Your answer must be the records below, given again exactly, with no pictures in it.

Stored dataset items
+++
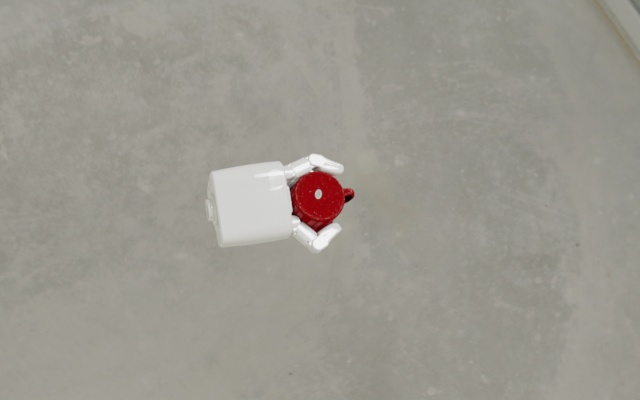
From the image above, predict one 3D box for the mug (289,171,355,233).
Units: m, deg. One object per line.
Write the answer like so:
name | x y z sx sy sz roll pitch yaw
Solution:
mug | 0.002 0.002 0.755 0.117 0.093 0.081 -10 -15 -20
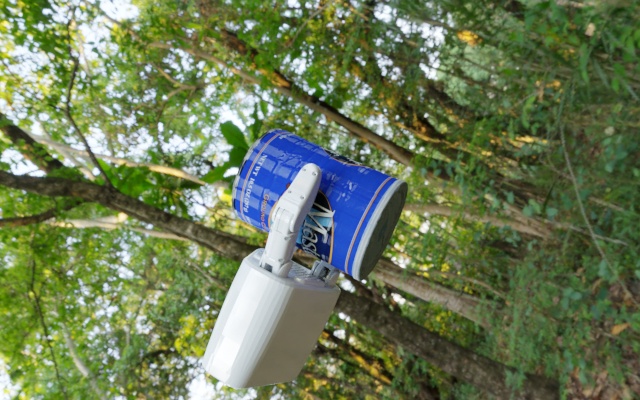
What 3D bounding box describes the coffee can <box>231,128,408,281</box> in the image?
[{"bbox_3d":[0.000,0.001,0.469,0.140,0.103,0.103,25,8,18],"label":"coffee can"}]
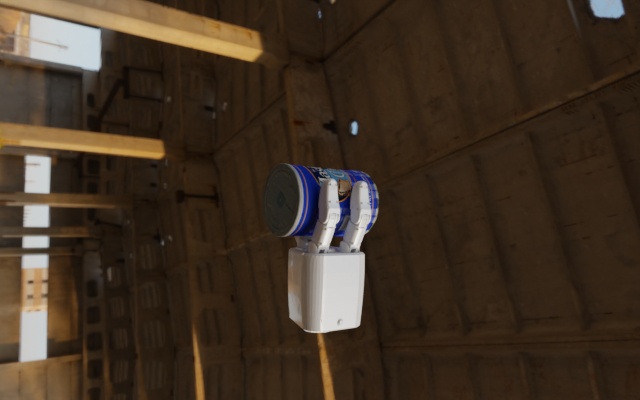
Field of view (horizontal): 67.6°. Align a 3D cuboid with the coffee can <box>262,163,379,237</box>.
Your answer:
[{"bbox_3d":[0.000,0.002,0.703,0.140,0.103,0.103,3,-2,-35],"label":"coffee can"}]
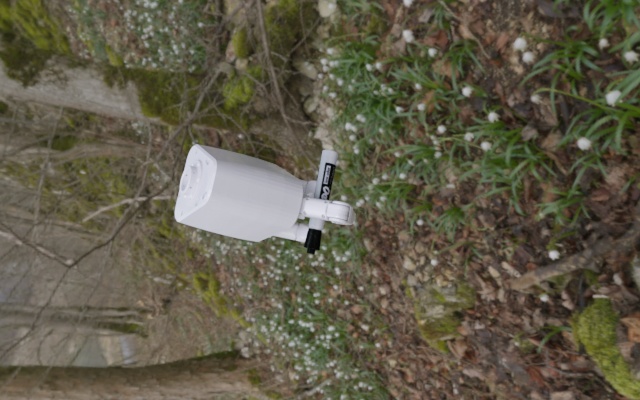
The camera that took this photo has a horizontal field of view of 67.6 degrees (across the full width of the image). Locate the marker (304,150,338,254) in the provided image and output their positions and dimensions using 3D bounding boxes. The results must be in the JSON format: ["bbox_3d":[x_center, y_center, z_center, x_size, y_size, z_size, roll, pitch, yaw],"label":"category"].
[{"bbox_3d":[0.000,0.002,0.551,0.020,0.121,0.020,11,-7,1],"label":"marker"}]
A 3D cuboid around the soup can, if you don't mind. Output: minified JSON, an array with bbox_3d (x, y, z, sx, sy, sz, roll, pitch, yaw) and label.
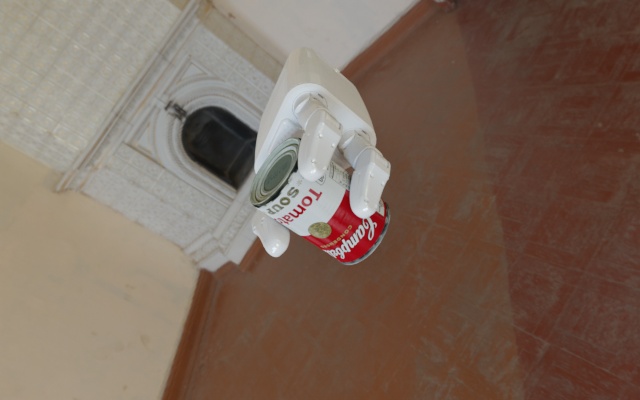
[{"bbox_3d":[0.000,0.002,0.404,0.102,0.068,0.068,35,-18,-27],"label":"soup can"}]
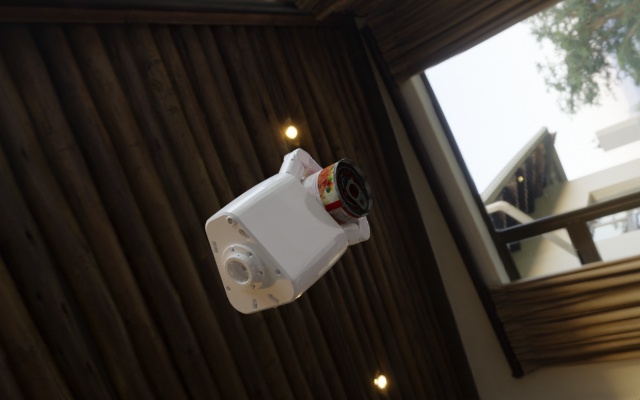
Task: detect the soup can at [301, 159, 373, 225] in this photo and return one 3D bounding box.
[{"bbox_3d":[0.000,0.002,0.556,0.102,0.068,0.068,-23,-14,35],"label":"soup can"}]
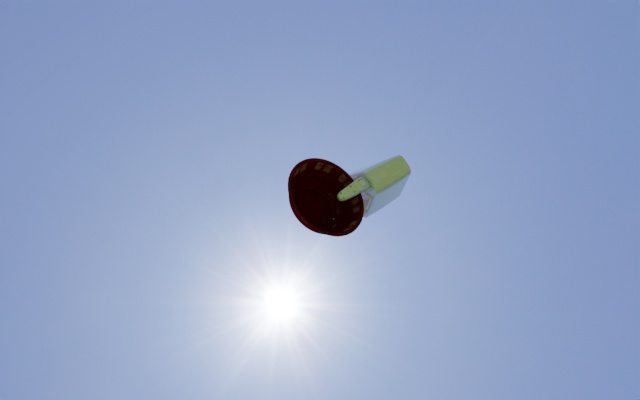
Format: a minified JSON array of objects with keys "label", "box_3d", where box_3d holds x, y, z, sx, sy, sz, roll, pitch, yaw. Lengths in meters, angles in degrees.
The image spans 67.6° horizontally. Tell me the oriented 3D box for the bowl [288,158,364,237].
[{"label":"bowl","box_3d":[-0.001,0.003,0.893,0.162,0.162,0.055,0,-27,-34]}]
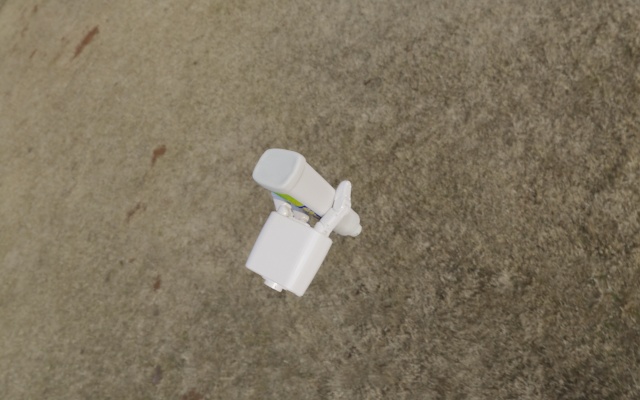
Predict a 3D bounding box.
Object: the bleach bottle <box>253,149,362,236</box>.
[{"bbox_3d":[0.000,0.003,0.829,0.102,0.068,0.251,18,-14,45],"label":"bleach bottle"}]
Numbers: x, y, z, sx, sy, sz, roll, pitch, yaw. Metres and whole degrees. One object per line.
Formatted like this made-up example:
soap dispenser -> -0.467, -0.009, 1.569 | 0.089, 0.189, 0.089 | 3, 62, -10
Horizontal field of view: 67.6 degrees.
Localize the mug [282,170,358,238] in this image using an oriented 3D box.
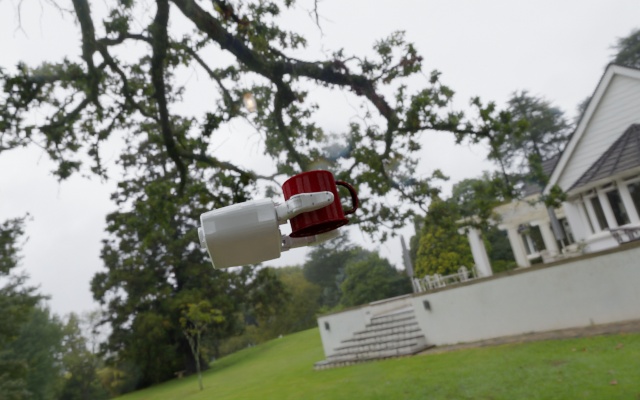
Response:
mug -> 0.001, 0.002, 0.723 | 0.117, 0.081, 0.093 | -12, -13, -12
+++
* _Task output_
From the image above, predict one 3D box for the mug (289,171,355,233).
Units: m, deg. One object per line.
Write the answer like so:
name | x y z sx sy sz roll pitch yaw
Solution:
mug | 0.002 0.002 0.755 0.117 0.093 0.081 -10 -15 -20
What 3D bounding box describes the coffee can <box>231,128,408,281</box> in the image?
[{"bbox_3d":[0.000,0.001,0.469,0.140,0.103,0.103,25,8,18],"label":"coffee can"}]
Field of view (horizontal): 67.6°. Align a 3D cuboid with the coffee can <box>262,163,379,237</box>.
Your answer:
[{"bbox_3d":[0.000,0.002,0.703,0.140,0.103,0.103,3,-2,-35],"label":"coffee can"}]
The camera that took this photo has a horizontal field of view of 67.6 degrees (across the full width of the image). Locate the marker (304,150,338,254) in the provided image and output their positions and dimensions using 3D bounding boxes. The results must be in the JSON format: ["bbox_3d":[x_center, y_center, z_center, x_size, y_size, z_size, roll, pitch, yaw],"label":"category"].
[{"bbox_3d":[0.000,0.002,0.551,0.020,0.121,0.020,11,-7,1],"label":"marker"}]
A 3D cuboid around the soup can, if you don't mind. Output: minified JSON, an array with bbox_3d (x, y, z, sx, sy, sz, roll, pitch, yaw) and label.
[{"bbox_3d":[0.000,0.002,0.404,0.102,0.068,0.068,35,-18,-27],"label":"soup can"}]
Task: detect the soup can at [301, 159, 373, 225] in this photo and return one 3D bounding box.
[{"bbox_3d":[0.000,0.002,0.556,0.102,0.068,0.068,-23,-14,35],"label":"soup can"}]
Format: a minified JSON array of objects with keys "label", "box_3d", where box_3d holds x, y, z, sx, sy, sz, roll, pitch, yaw. Lengths in meters, angles in degrees.
The image spans 67.6° horizontally. Tell me the oriented 3D box for the bowl [288,158,364,237].
[{"label":"bowl","box_3d":[-0.001,0.003,0.893,0.162,0.162,0.055,0,-27,-34]}]
Predict a 3D bounding box.
Object: the bleach bottle <box>253,149,362,236</box>.
[{"bbox_3d":[0.000,0.003,0.829,0.102,0.068,0.251,18,-14,45],"label":"bleach bottle"}]
Numbers: x, y, z, sx, sy, sz, roll, pitch, yaw. Metres and whole degrees. One object per line.
Formatted like this made-up example:
soap dispenser -> -0.467, -0.009, 1.569 | 0.089, 0.189, 0.089 | 3, 62, -10
Horizontal field of view: 67.6 degrees.
Localize the mug [282,170,358,238] in this image using an oriented 3D box.
Response:
mug -> 0.001, 0.002, 0.723 | 0.117, 0.081, 0.093 | -12, -13, -12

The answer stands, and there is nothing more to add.